Na Ásia, beber água gelada durante as refeições é pouco comum hoje. O debate sobre a temperatura certa envolve tradições milenares e evidências fisiológicas recentes. A prática oriental costuma privilegiar bebidas quentes, como chá, à mesa.

Em países como a China, o cenário típico não inclui gelo na água. O que se vê é chá verde ou caldo, acompanhando as refeições há séculos. A explicação vai além de costume: há fundamentos fisiológicos por trás dessa escolha.

A temperatura da água pode influenciar a motilidade gástrica, o esvaziamento do estômago e o funcionamento dos músculos do sistema digestivo. Pesquisas atuais sinalizam impactos que merecem atenção, ante um hábito amplamente difundido no Ocidente.

Origem do debate

O assunto chegou ao Ocidente pelo TikTok, revelando uma tendência chamada Chinamaxxing, ou “Tornando-se Chinês”. Influenciadores mostram água quente como aliada da digestão, do inchaço e da energia, ampliando o interesse público.

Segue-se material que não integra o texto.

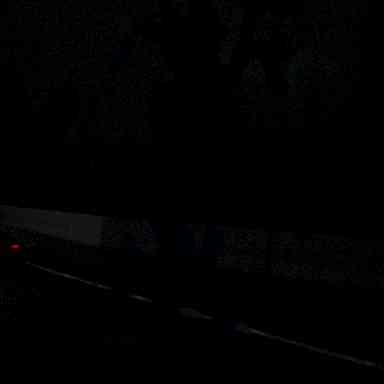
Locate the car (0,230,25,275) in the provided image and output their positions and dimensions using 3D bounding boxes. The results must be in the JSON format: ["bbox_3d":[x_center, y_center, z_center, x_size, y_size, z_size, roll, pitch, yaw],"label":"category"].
[{"bbox_3d":[-6.296,1.472,9.056,4.181,1.385,1.994,0,0,40],"label":"car"}]
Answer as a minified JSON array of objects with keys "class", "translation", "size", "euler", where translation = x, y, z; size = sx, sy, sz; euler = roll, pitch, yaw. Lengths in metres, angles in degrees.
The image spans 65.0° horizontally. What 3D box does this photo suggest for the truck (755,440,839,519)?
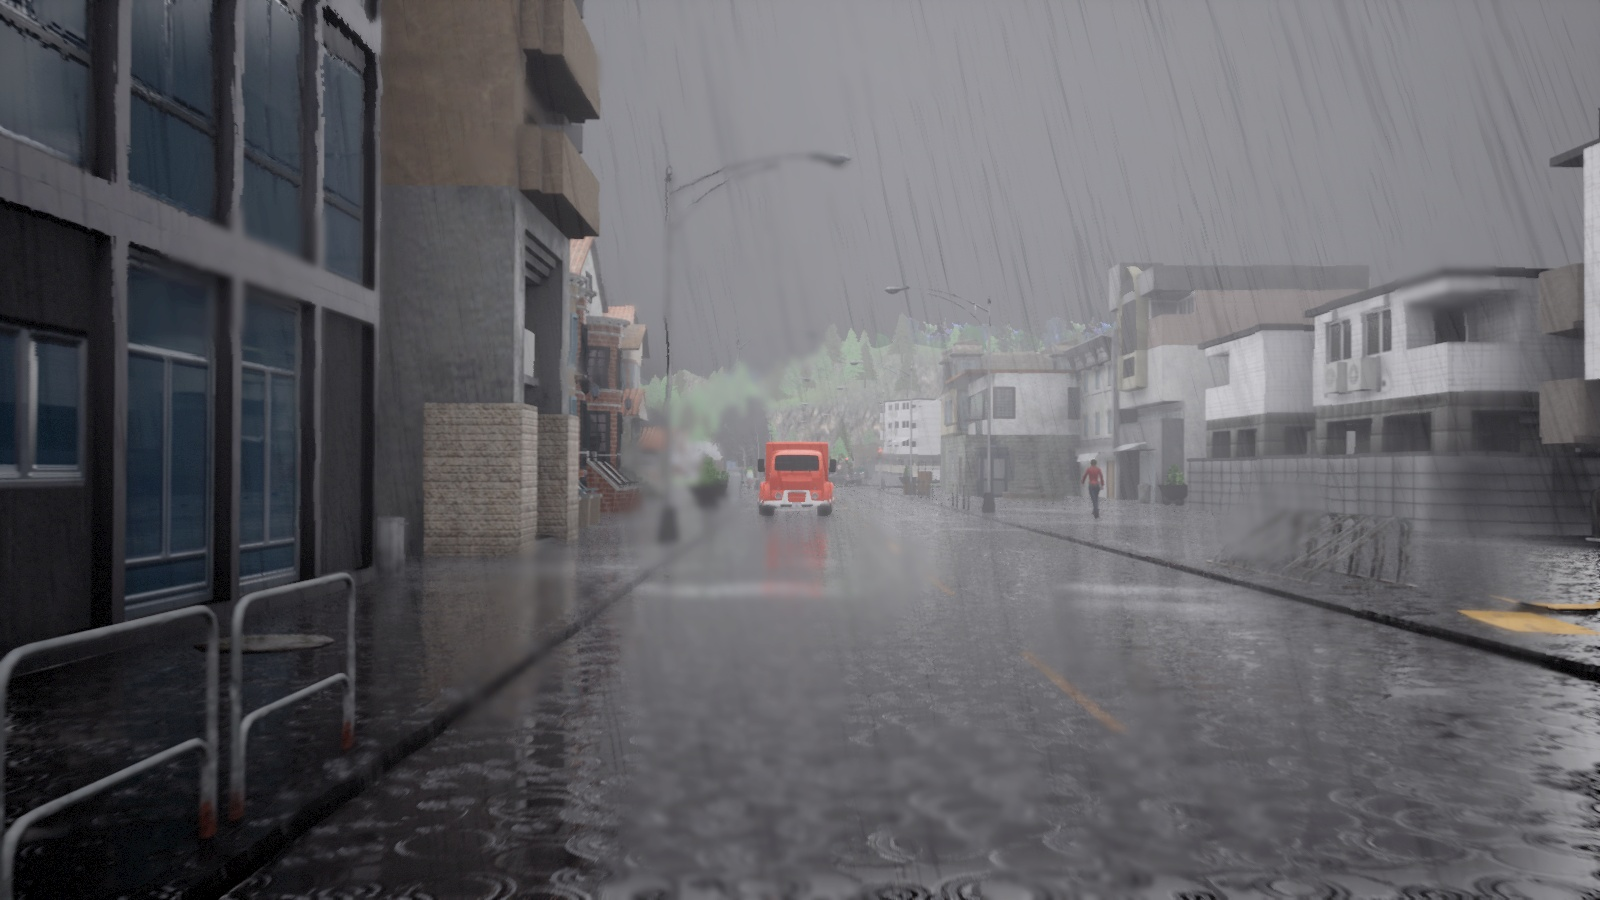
[{"class":"truck","translation":[-0.101,0.964,42.031],"size":[2.627,2.467,5.204],"euler":[0,-1,0]}]

Segundo o The New York Times, a água quente ganhou força como tema de bem-estar online. A popularização não é fruto de conferência médica, mas de redes sociais e de curiosidade sobre hábitos de vida asiáticos.

Especialistas ressaltam que a discussão envolve nuances científicas. Dados incompletos e contextos variados apontam para uma leitura cautelosa, sem descarte de evidências, que ainda está em construção.